Curatorium GG / discussie

Erasmiaan
Berichten: 8596
Lid geworden op: 17 okt 2005, 21:25

Bericht door Erasmiaan »

refo schreef:Ja, leuk. Hoe vaak komt dat niet voor? Is het dan zo'n flutopleiding dat 4 jaar studie 'voor niets' is als het niet tot predikantschap leidt?
We hebben over het belang voor de gemeenten, niet de situatie voor de predikanten zelf. De gemeenten schieten er toch niets mee op als er heel veel geld in een student is gestoken, en aan het eind van de opleiding wordt hij afgewezen? Dat kun je ook niet empirisch onderbouwen dat ze bijna altijd toegelaten zullen worden, want deze situatie is er niet. En ik neem aan dat als alle studenten nu gewoon hadden mogen beginnen dat er dan 7 van de tien ook door de plaatselijke gemeenten afgewezen zouden moeten worden. En dat is behoorlijk weggegooid geld.

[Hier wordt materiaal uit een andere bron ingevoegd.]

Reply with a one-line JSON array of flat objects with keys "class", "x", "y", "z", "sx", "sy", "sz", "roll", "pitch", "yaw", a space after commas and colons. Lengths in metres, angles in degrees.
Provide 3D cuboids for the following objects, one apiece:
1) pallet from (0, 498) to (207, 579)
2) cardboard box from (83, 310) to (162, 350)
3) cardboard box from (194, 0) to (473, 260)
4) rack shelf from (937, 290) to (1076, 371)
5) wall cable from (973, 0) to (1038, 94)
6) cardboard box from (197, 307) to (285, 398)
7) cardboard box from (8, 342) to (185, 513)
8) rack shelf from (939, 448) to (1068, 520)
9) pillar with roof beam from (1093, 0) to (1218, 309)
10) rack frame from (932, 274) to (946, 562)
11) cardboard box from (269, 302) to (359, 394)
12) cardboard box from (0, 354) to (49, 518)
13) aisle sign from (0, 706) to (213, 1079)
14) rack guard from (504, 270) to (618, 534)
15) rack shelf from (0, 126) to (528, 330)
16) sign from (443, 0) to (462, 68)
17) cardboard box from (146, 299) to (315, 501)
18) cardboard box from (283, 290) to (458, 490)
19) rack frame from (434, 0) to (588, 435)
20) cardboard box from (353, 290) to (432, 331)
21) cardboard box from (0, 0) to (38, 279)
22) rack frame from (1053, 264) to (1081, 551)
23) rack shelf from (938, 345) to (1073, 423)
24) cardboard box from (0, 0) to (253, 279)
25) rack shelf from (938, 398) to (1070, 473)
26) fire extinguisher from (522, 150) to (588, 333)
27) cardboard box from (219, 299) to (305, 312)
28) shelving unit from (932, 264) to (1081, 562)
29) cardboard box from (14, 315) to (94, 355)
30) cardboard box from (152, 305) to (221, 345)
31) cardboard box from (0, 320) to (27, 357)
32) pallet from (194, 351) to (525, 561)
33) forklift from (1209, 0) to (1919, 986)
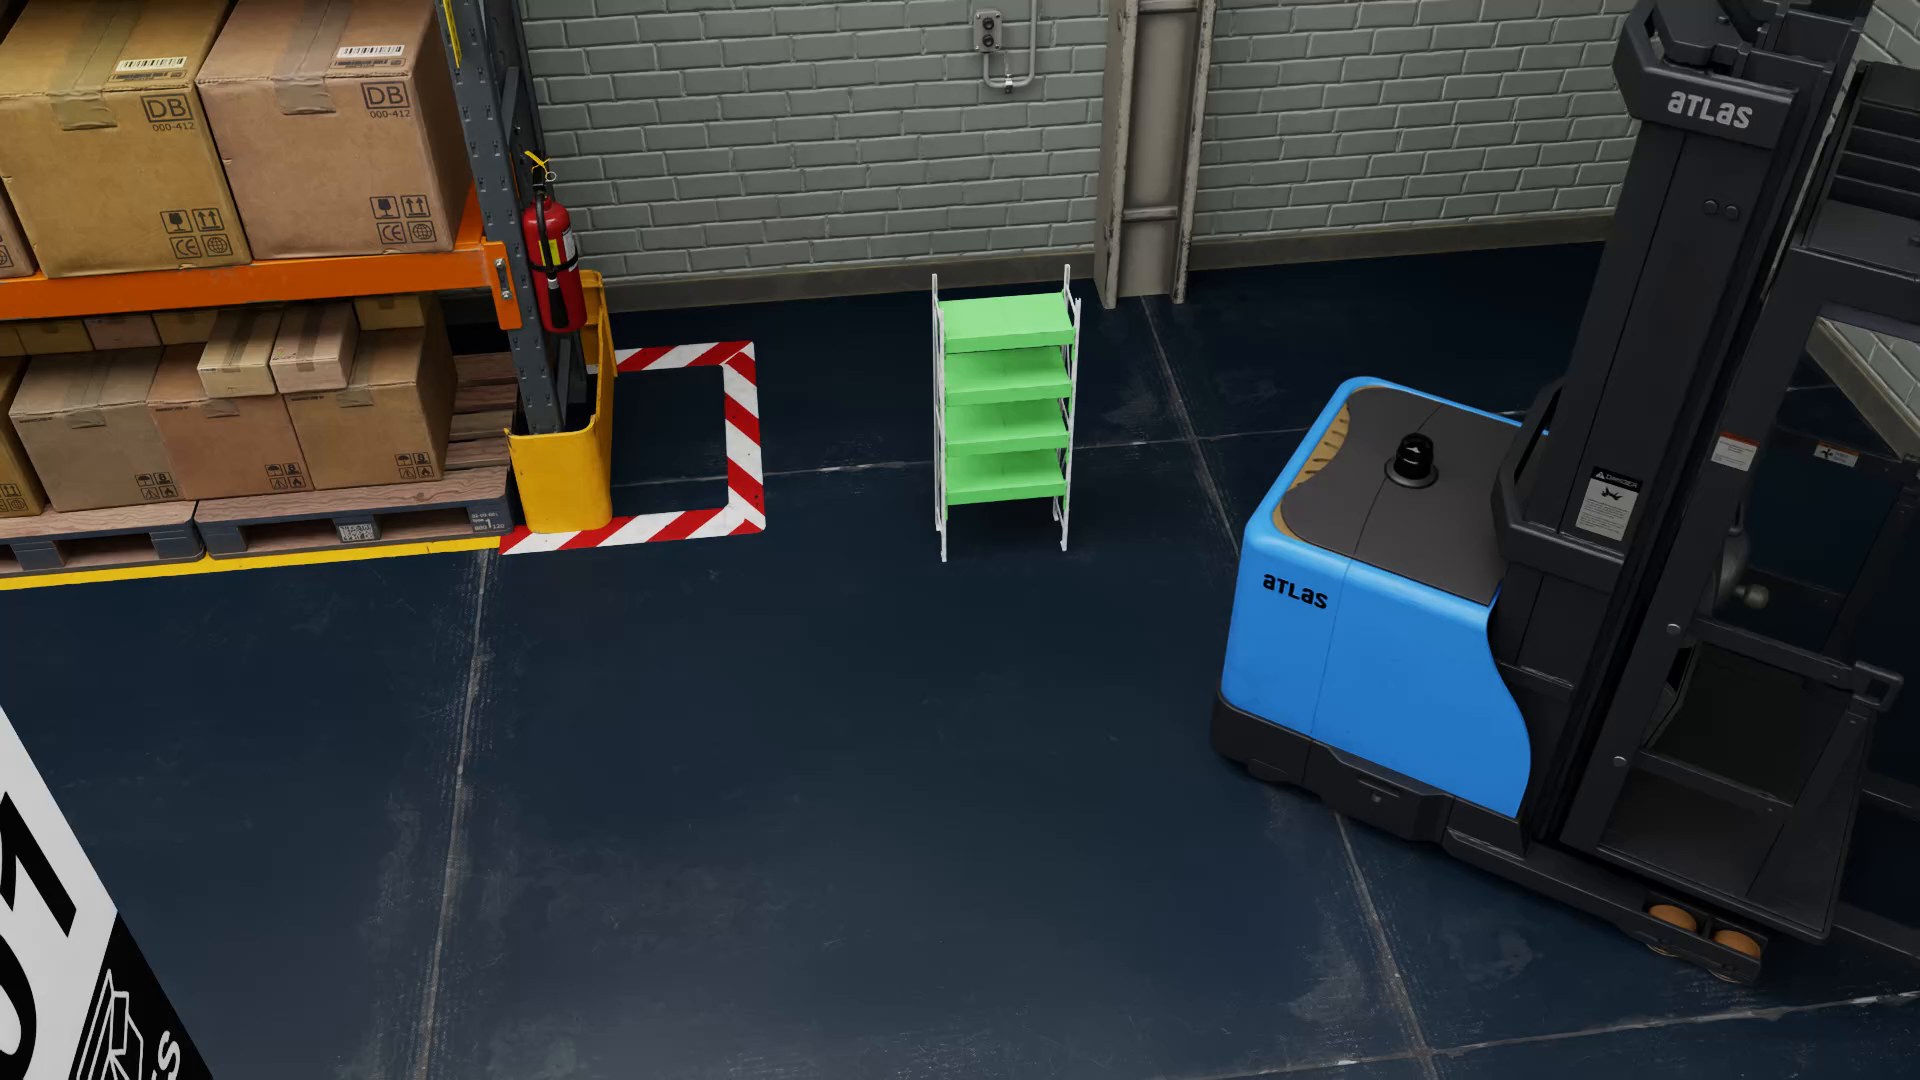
[{"class": "pallet", "x": -3.686, "y": -0.273, "z": 6.895, "sx": 1.213, "sy": 0.211, "sz": 1.003, "roll": -5, "pitch": 42, "yaw": -6}, {"class": "cardboard box", "x": -3.282, "y": -0.930, "z": 6.610, "sx": 0.250, "sy": 0.149, "sz": 0.380, "roll": -4, "pitch": 42, "yaw": -5}, {"class": "cardboard box", "x": -2.200, "y": -1.594, "z": 6.054, "sx": 0.700, "sy": 0.700, "sz": 0.980, "roll": -3, "pitch": 42, "yaw": -4}, {"class": "rack shelf", "x": 0.164, "y": -0.769, "z": 6.085, "sx": 0.480, "sy": 0.148, "sz": 0.258, "roll": -5, "pitch": 42, "yaw": -6}, {"class": "wall cable", "x": -0.549, "y": -2.650, "z": 6.690, "sx": 1.851, "sy": 1.984, "sz": 0.084, "roll": -5, "pitch": 42, "yaw": -6}, {"class": "cardboard box", "x": -2.734, "y": -0.720, "z": 6.377, "sx": 0.250, "sy": 0.149, "sz": 0.380, "roll": -4, "pitch": 42, "yaw": -4}, {"class": "cardboard box", "x": -3.372, "y": -0.546, "z": 6.669, "sx": 0.500, "sy": 0.500, "sz": 0.700, "roll": -6, "pitch": 42, "yaw": -7}, {"class": "rack shelf", "x": 0.164, "y": -0.234, "z": 6.568, "sx": 0.480, "sy": 0.148, "sz": 0.258, "roll": -5, "pitch": 42, "yaw": -6}, {"class": "pillar with roof beam", "x": 1.427, "y": -1.711, "z": 1.928, "sx": 0.400, "sy": 9.000, "sz": 9.100, "roll": -5, "pitch": 42, "yaw": -6}, {"class": "rack frame", "x": -0.078, "y": -0.439, "z": 6.341, "sx": 0.015, "sy": 1.200, "sz": 0.240, "roll": -5, "pitch": 42, "yaw": -6}, {"class": "cardboard box", "x": -2.481, "y": -0.743, "z": 6.402, "sx": 0.250, "sy": 0.149, "sz": 0.380, "roll": -5, "pitch": 42, "yaw": -6}, {"class": "cardboard box", "x": -3.900, "y": -0.495, "z": 6.612, "sx": 0.500, "sy": 0.500, "sz": 0.700, "roll": -4, "pitch": 42, "yaw": -5}, {"class": "aisle sign", "x": -1.021, "y": 0.590, "z": 1.916, "sx": 0.004, "sy": 0.787, "sz": 0.394, "roll": -5, "pitch": 42, "yaw": -6}, {"class": "rack guard", "x": -1.672, "y": -0.607, "z": 7.050, "sx": 0.348, "sy": 0.500, "sz": 1.175, "roll": -5, "pitch": 42, "yaw": -6}, {"class": "rack shelf", "x": -3.679, "y": -1.093, "z": 6.259, "sx": 4.000, "sy": 0.370, "sz": 1.077, "roll": -5, "pitch": 42, "yaw": -6}, {"class": "sign", "x": -1.639, "y": -1.690, "z": 5.342, "sx": 0.005, "sy": 0.325, "sz": 0.100, "roll": -5, "pitch": 42, "yaw": -6}, {"class": "cardboard box", "x": -2.873, "y": -0.590, "z": 6.718, "sx": 0.500, "sy": 0.500, "sz": 0.700, "roll": -5, "pitch": 42, "yaw": -6}, {"class": "cardboard box", "x": -2.377, "y": -0.634, "z": 6.766, "sx": 0.500, "sy": 0.500, "sz": 0.700, "roll": -5, "pitch": 42, "yaw": -6}, {"class": "rack frame", "x": -1.696, "y": -1.533, "z": 6.210, "sx": 0.127, "sy": 3.000, "sz": 1.000, "roll": -5, "pitch": 42, "yaw": -6}, {"class": "cardboard box", "x": -2.279, "y": -1.018, "z": 6.708, "sx": 0.250, "sy": 0.149, "sz": 0.380, "roll": -5, "pitch": 42, "yaw": -5}, {"class": "cardboard box", "x": -3.678, "y": -1.463, "z": 5.909, "sx": 0.700, "sy": 0.700, "sz": 0.980, "roll": -7, "pitch": 43, "yaw": -8}, {"class": "rack frame", "x": 0.406, "y": -0.481, "z": 6.388, "sx": 0.015, "sy": 1.200, "sz": 0.240, "roll": -5, "pitch": 42, "yaw": -6}, {"class": "rack shelf", "x": 0.164, "y": -0.591, "z": 6.246, "sx": 0.480, "sy": 0.148, "sz": 0.258, "roll": -5, "pitch": 42, "yaw": -6}, {"class": "cardboard box", "x": -2.920, "y": -1.523, "z": 5.975, "sx": 0.700, "sy": 0.700, "sz": 0.980, "roll": -5, "pitch": 42, "yaw": -6}, {"class": "rack shelf", "x": 0.164, "y": -0.412, "z": 6.407, "sx": 0.480, "sy": 0.148, "sz": 0.258, "roll": -5, "pitch": 42, "yaw": -6}, {"class": "fire extinguisher", "x": -1.487, "y": -1.073, "z": 6.036, "sx": 0.183, "sy": 0.674, "sz": 0.296, "roll": -5, "pitch": 42, "yaw": -6}, {"class": "cardboard box", "x": -2.781, "y": -0.974, "z": 6.659, "sx": 0.250, "sy": 0.149, "sz": 0.380, "roll": -5, "pitch": 42, "yaw": -5}, {"class": "shelving unit", "x": 0.164, "y": -0.460, "z": 6.364, "sx": 0.503, "sy": 1.200, "sz": 0.258, "roll": -5, "pitch": 42, "yaw": -6}, {"class": "cardboard box", "x": -3.536, "y": -0.907, "z": 6.585, "sx": 0.250, "sy": 0.149, "sz": 0.380, "roll": -5, "pitch": 42, "yaw": -5}, {"class": "cardboard box", "x": -3.030, "y": -0.953, "z": 6.635, "sx": 0.250, "sy": 0.149, "sz": 0.380, "roll": -5, "pitch": 42, "yaw": -5}, {"class": "cardboard box", "x": -3.787, "y": -0.886, "z": 6.561, "sx": 0.250, "sy": 0.149, "sz": 0.380, "roll": -6, "pitch": 42, "yaw": -6}, {"class": "pallet", "x": -2.479, "y": -0.376, "z": 7.010, "sx": 1.213, "sy": 0.211, "sz": 1.003, "roll": -5, "pitch": 42, "yaw": -6}, {"class": "forklift", "x": 2.417, "y": -0.114, "z": 4.688, "sx": 3.031, "sy": 2.935, "sz": 1.130, "roll": 21, "pitch": 46, "yaw": 22}]

Op de arbeidsmarkt wordt je toch ook niet zonder sollicitatiegesprek aangenomen?
Gebruikersavatar
refo
Berichten: 24666
Lid geworden op: 29 dec 2001, 11:45

Bericht door refo »

Dus toch een centenkwestie. Dat zei E Hofman in de 70er jaren ook al.
Erasmiaan
Berichten: 8596
Lid geworden op: 17 okt 2005, 21:25

Bericht door Erasmiaan »

MIsschien dat je ook zinnige opmerkingen kan maken? Het wordt mij niet duidelijk dat er een beter alternatief is als via het curatorium.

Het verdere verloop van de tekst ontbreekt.